[Data supplied — start]
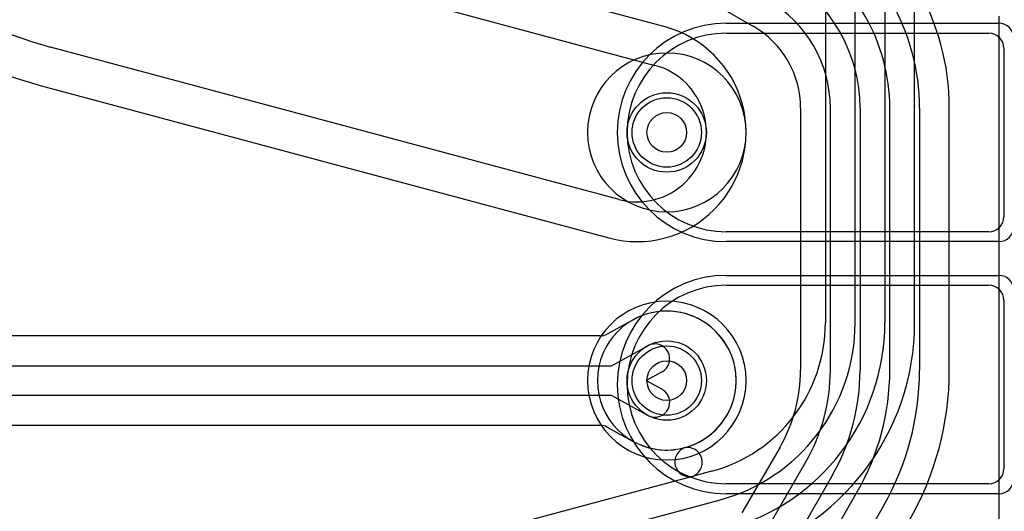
# Model space of a CAD drawing. Extents: x 0 to 20.5, y -6 to 27.
# Tile 10 of 14: x 13 to 18, y 14.8 to 17.3. Entities that reach past the tile are written whole.
import ezdxf

# ---------------------------------------------------------------- set-up
doc = ezdxf.new("R2010")
doc.units = 0
for name, color, linetype in [('Hole', 1, 'CONTINUOUS'), ('L1', 3, 'CONTINUOUS'), ('L2', 3, 'CONTINUOUS'), ('L3', 3, 'CONTINUOUS'), ('L4', 3, 'CONTINUOUS'), ('MetalMask-A', 176, 'CONTINUOUS'), ('Resist-A', 2, 'CONTINUOUS'), ('Resist-B', 2, 'CONTINUOUS')]:
    doc.layers.add(name, color=color, linetype=linetype)

msp = doc.modelspace()

# ---------------------------------------------------------------- linework, layer by layer
at = {"layer": 'Hole'}
for centre in [(16.3, 16.7), (16.3, 15.45)]:
    msp.add_circle(centre, 0.1, dxfattribs=at)
at = {"layer": 'L1'}
for p, q in [((16.6, 17.2), (17.925, 17.2)), ((18, 17.125), (18, 16.275)), ((17.925, 16.2), (16.6, 16.2)), ((16.6, 15.93), (17.925, 15.93)), ((18, 15.855), (18, 15.005)), ((17.925, 14.93), (16.6, 14.93))]:
    msp.add_line(p, q, dxfattribs=at)
for centre in [(16.3, 16.7), (16.3, 15.45)]:
    msp.add_circle(centre, 0.2, dxfattribs=at)
for centre, radius, start, end in [((16.6, 16.7), 0.5, 90, -90), ((17.925, 17.125), 0.075, 0, 90), ((17.925, 16.275), 0.075, -90, 0), ((16.6, 15.43), 0.5, 90, -90), ((17.925, 15.855), 0.075, 0, 90), ((17.925, 15.005), 0.075, -90, 0)]:
    msp.add_arc(centre, radius, start, end, dxfattribs=at)
at = {"layer": 'L2'}
for p, q in [((17.09995, 21.04532), (17.09995, 15.74136)), ((17.24999, 15.74136), (17.24999, 21.04532)), ((17.39999, 21.04532), (17.39999, 15.74136)), ((17.55003, 15.74136), (17.55003, 17.91264)), ((16.13109, 15.7566), (15.99921, 15.68428)), ((15.96315, 15.67504), (5, 15.67504)), ((16.0208, 15.525), (16.20383, 15.62536)), ((10.52, 15.525), (16.0208, 15.525)), ((16.27595, 15.49384), (16.196, 15.45)), ((16.196, 15.45), (16.27595, 15.40616)), ((16.0208, 15.375), (10.52, 15.375)), ((16.20383, 15.27464), (16.0208, 15.375)), ((5, 15.22496), (15.96316, 15.22496)), ((15.99921, 15.21572), (16.13109, 15.1434)), ((16.42372, 14.96553), (14.31856, 14.40145)), ((16.52556, 14.99281), (16.43488, 14.96851)), ((14.3574, 14.25652), (16.5644, 14.84788))]:
    msp.add_line(p, q, dxfattribs=at)
msp.add_circle((16.3, 15.45), 0.2, dxfattribs=at)
for centre, radius, start, end in [((16.3, 16.7), 0.40004, 90, -90), ((16.3, 16.7), 0.40004, -90, 90), ((16.30001, 15.45001), 0.35004, -74.2374, 118.51993), ((16.09564, 15.82269), 0.07501, -61.79135, -61.10788), ((16.09658, 15.8232), 0.07501, -61.92482, -61.6206), ((16.09708, 15.82347), 0.07501, -62.05468, -61.4871), ((16.32499, 15.74136), 0.77496, -75.00024, 0), ((16.32499, 15.74136), 0.925, -75.00001, 0), ((16.32499, 15.74136), 1.075, -75.00002, 0), ((16.32499, 15.74136), 1.22504, -75.00019, 0), ((15.96315, 15.75004), 0.075, -90, -61.2615), ((16.23989, 15.5596), 0.075, -61.2615, 118.73724), ((16.23989, 15.3404), 0.075, -118.7385, 61.26276), ((15.96316, 15.14999), 0.07497, 61.25718, 90), ((16.0963, 15.07699), 0.07497, 61.11019, 62.35145), ((16.09724, 15.07648), 0.07497, 61.51031, 61.92751), ((16.09839, 15.07587), 0.07497, 61.12057, 62.50523), ((16.3, 15.45004), 0.35006, -118.19611, -75.79544), ((16.41547, 15.04095), 0.075, 105.75966, -75.00018), ((16.40432, 15.03798), 0.075, -75.00953, 104.21783)]:
    msp.add_arc(centre, radius, start, end, dxfattribs=at)
at = {"layer": 'L3'}
for centre, start, end in [((16.3, 16.7), 90, -90), ((16.3, 16.7), -90, 90), ((16.3, 15.45), 90, -90), ((16.3, 15.45), -90, 90)]:
    msp.add_arc(centre, 0.40004, start, end, dxfattribs=at)
at = {"layer": 'L4'}
for p, q in [((13.69573, 18.99012), (16.7366, 17.23446)), ((16.29236, 17.2313), (13.42473, 17.99967)), ((13.37296, 17.80645), (16.24059, 17.03807)), ((17.97495, 17.2858), (17.97495, 14.60566)), ((16.05941, 16.36193), (13.19179, 17.1303)), ((13.14001, 16.93708), (16.00764, 16.1687)), ((16.97496, 16.82263), (16.97496, 15.50277)), ((17.125, 15.50277), (17.125, 16.82263)), ((17.275, 16.82263), (17.275, 15.50277)), ((17.425, 15.50271), (17.425, 16.82264)), ((17.575, 16.82264), (17.575, 15.50271)), ((17.72504, 15.50271), (17.72504, 16.82264)), ((16.87113, 15.11529), (16.67928, 14.783)), ((16.80922, 14.70798), (17.00107, 15.04027)), ((17.13097, 14.96527), (16.93912, 14.63298)), ((17.06902, 14.5579), (17.26088, 14.8902)), ((17.39078, 14.8152), (17.19893, 14.4829))]:
    msp.add_line(p, q, dxfattribs=at)
for centre in [(16.3, 16.7), (16.3, 15.45)]:
    msp.add_circle(centre, 0.2, dxfattribs=at)
for centre, radius, start, end in [((13.8, 19.40023), 2.35, 180, -104.99962), ((13.79999, 19.40027), 2.55007, -150.06879, -104.99935), ((16.5, 16.82261), 1.22504, 0.0014, 60.00259), ((16.5, 16.82263), 1.075, 0.00053, 60.00013), ((16.5, 16.82263), 0.925, 0.00062, 59.99989), ((16.5, 16.82263), 0.775, 0, 60.00001), ((16.5, 16.82263), 0.625, 0, 60.00019), ((16.15001, 16.7), 0.55004, -105.00087, 75.00115), ((16.69966, 17.16919), 0.075, 60.00971, 60.49201), ((16.70063, 17.16864), 0.075, 59.89314, 60.86155), ((16.49999, 16.82263), 0.47497, 0, 59.89213), ((16.15, 16.7), 0.35, -105.0007, 75.00017), ((16.3, 15.45), 0.35004, 90, -90), ((16.3, 15.45), 0.35004, -90, 90), ((16.2, 15.50278), 0.77496, -30.00083, -0.00074), ((16.2, 15.50278), 0.925, -30.00065, -0.00062), ((16.2, 15.50278), 1.075, -30.00066, -0.00053), ((16.2, 15.50271), 1.225, -30.00043, 0), ((16.2, 15.50271), 1.375, -30.00046, 0), ((16.2, 15.5027), 1.52504, -30.00006, 0.00038)]:
    msp.add_arc(centre, radius, start, end, dxfattribs=at)
at = {"layer": 'MetalMask-A'}
for p, q in [((16.6, 17.2), (17.925, 17.2)), ((18, 17.125), (18, 16.275)), ((17.925, 16.2), (16.6, 16.2)), ((16.6, 15.93), (17.925, 15.93)), ((18, 15.855), (18, 15.005)), ((17.925, 14.93), (16.6, 14.93))]:
    msp.add_line(p, q, dxfattribs=at)
for centre, radius, start, end in [((16.6, 16.7), 0.5, 90, -90), ((17.925, 17.125), 0.075, 0, 90), ((17.925, 16.275), 0.075, -90, 0), ((16.6, 15.43), 0.5, 90, -90), ((17.925, 15.855), 0.075, 0, 90), ((17.925, 15.005), 0.075, -90, 0)]:
    msp.add_arc(centre, radius, start, end, dxfattribs=at)
at = {"layer": 'Resist-A'}
for p, q in [((16.6, 17.25), (17.975, 17.25)), ((17.975, 16.15), (16.6, 16.15)), ((16.6, 15.98), (17.975, 15.98)), ((17.975, 14.88), (16.6, 14.88))]:
    msp.add_line(p, q, dxfattribs=at)
for centre in [(16.3, 16.7), (16.3, 15.45)]:
    msp.add_circle(centre, 0.175, dxfattribs=at)
for centre, radius, start, end in [((16.6, 16.7), 0.55, 90, -90), ((17.975, 17.175), 0.075, 0, 90), ((17.975, 16.225), 0.075, -90, 0), ((16.6, 15.43), 0.55, 90, -90), ((17.975, 15.905), 0.075, 0, 90), ((17.975, 14.955), 0.075, -90, 0)]:
    msp.add_arc(centre, radius, start, end, dxfattribs=at)
at = {"layer": 'Resist-B'}
for centre in [(16.3, 16.7), (16.3, 15.45)]:
    msp.add_circle(centre, 0.175, dxfattribs=at)

doc.saveas('drawing.dxf')
[Data supplied — finish]
• **Task objective**: Using the entries above, tally how many lines have the word "color" in them; write the number and nothing more.

• **Solution for this exercise**: 2